Ricón para pequeñas reflexiones ahora que las puestas de sol se ven desde los cuarenta...
por Dondo Moreno




lunes, 2 de julio de 2018

Un grito en suspenso



Andaba a paso lento. Por alguna razón todo lo que tenía a mi alrededor estaba oculto, escondido detrás de una espesa niebla, que volvía todo a mi alrededor más siniestro si cabe, al ser de noche.

Aun así parecía estar tranquilo. Caminaba sin parar, sin dejar de mirar al frente. Sin saber en realidad hacia dónde iba.

Un silencio impenetrable lo envolvía todo. Ni tan siquiera oía el ruido de mis zapatos pese a ir pisando por un suelo de adoquines.

 De repente sentí ruido de pasos, cada vez más próximos que se acercaban por mi espalda. Eran pasos acompañados de gritos de niño. Noté como me daban alcance. Seguía sin ver nada ni a nadie pero sentía sus carreras, sus chillidos, farfullaban palabras que mis oídos no acertaban a entender. Acompañado por ese ambiente que me recordaba al de un patio de colegio, mis pies siguieron su camino, sobre ese sendero de pavés que se había convertido en una especie de recreo, cuando de pronto escuché un ladrido. 

Al principio se oía lejos, muy lejos, tal vez porque aún se confundiera con las voces de mis invisibles compañeros de peregrinaje. Luego el ladrido se fue haciendo más nítido, más cierto, y lo que es peor, más cercano. 

En apenas un momento aquella garganta de animal que ladraba solitaria y remota se hizo acompañar por unas cuantas más. Era toda una jauría que se acercaba por detrás, Oía como las patas pisaban con sus almohadillas el suelo acompañados por gruñidos y jadeos que me daban la certeza de que venían  a toda velocidad, al galope.

Fue entonces cuando comencé a correr. Mis ojos ahora no levantaban la mirada del suelo por miedo a no saber dónde estaba pisando. Mi frente empezó a sentir como se formaban gotas de sudor que inundaron primero toda mi cara y luego corrían hacia el cuello creando una sensación cada vez mayor de sofoco y de angustia. Mi boca se abría exageradamente buscando aire. El cansancio poco a poco iba haciendo mella en mis piernas.

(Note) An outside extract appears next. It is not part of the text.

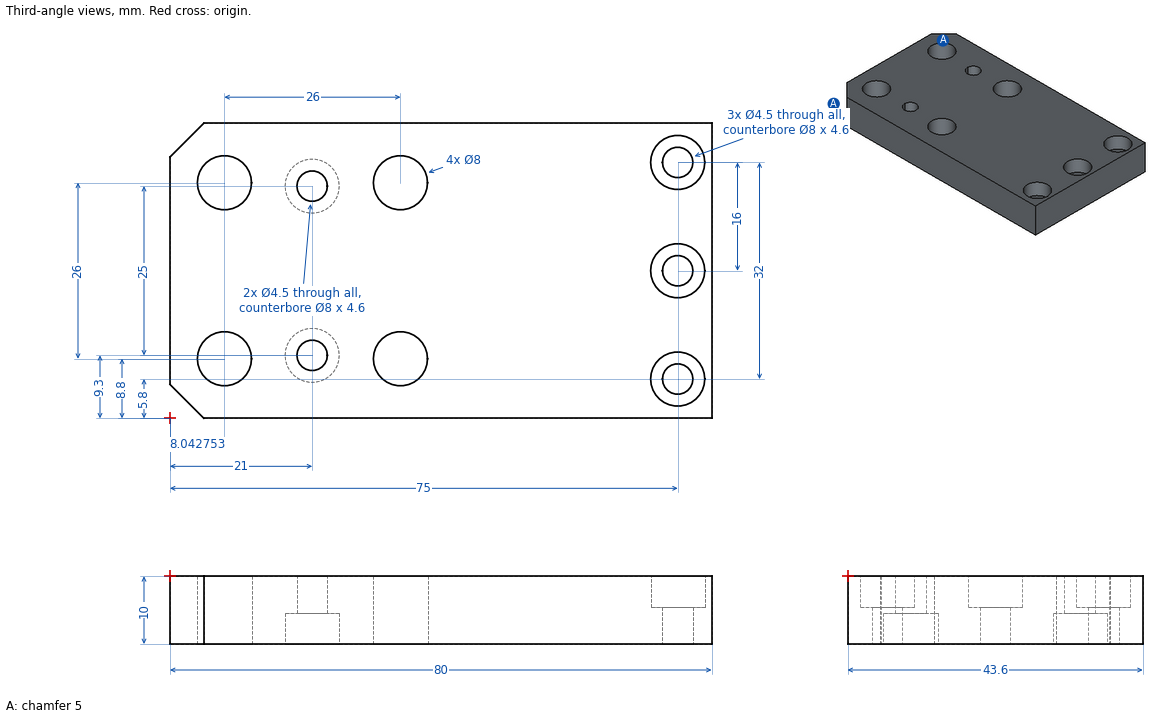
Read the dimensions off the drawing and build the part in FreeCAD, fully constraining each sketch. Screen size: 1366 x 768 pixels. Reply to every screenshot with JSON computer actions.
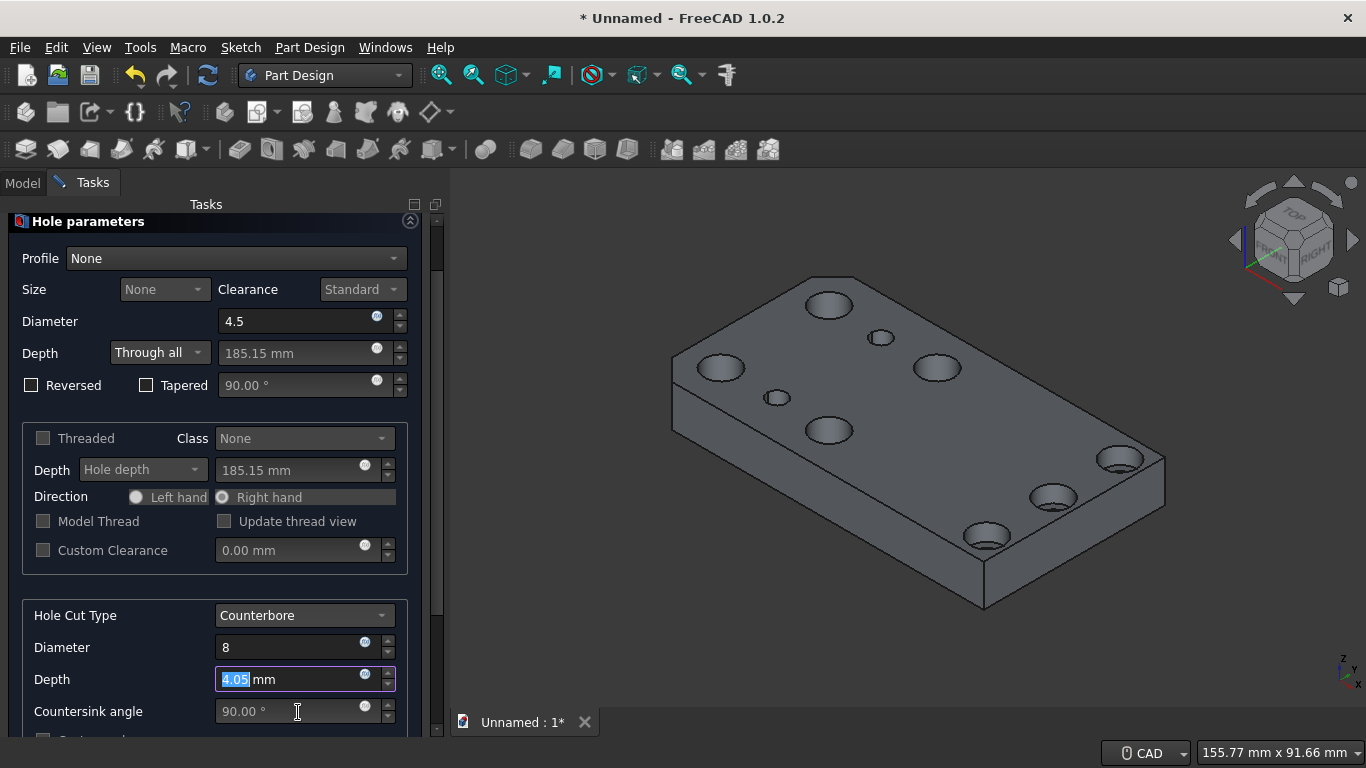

Pero yo corría, corría como si me fuera la vida en ello. 

Entonces fue cuando la vi. En medio de la espesa niebla al fin algo se divisaba. Una puerta de hierro forjado, de barrotes grandes que cerraba el paso a lo que parecía una gran finca de paredes altísimas.

No me quedaba otra. Aquella puerta era mi única posibilidad. Tenía que llegar a ella e intentar subirme.

¿Dónde estaban los demás? Ya nadie corría a mi lado; tal vez todos ya hubieran saltado y estuvieran esperándome al otro lado.

Al fin llegue a la reja. Mis manos se agarraron con fuerza al hierro. Estaba frío y húmedo, lo suficientemente resbaladizo como para que mis manos no fueran capaces de agarrarse bien. Aun así di un salto, conseguí encaramarme hasta una primera altura, justo donde la verja tenía una traviesa que me permitió apoyar el pie.

Cuando iba a intentar dar un segundo empujón para elevarme un poco más fue cuando uno de los perros que me perseguían me dio alcance. Sentí como sus fauces se metían en mi entrepierna, como la mandíbula se cerraba sobre mis testículos.
¡Ayyyy, grité! Con la almohada empapada en sudor, me desperté y con mi grito a mi pobre hermano que compartía habitación conmigo y que a poco de encender la luz, me miraba con los ojos entrecerrados, con cara de no entender nada.

Yo en cambio lo entendía todo.

A la mañana siguiente tuve mi examen de gimnasia. Fui incapaz de saltar el caballo, de dar la vuelta en el plinto, de subir por la cuerda... 

Lógicamente, y como siempre, suspendí.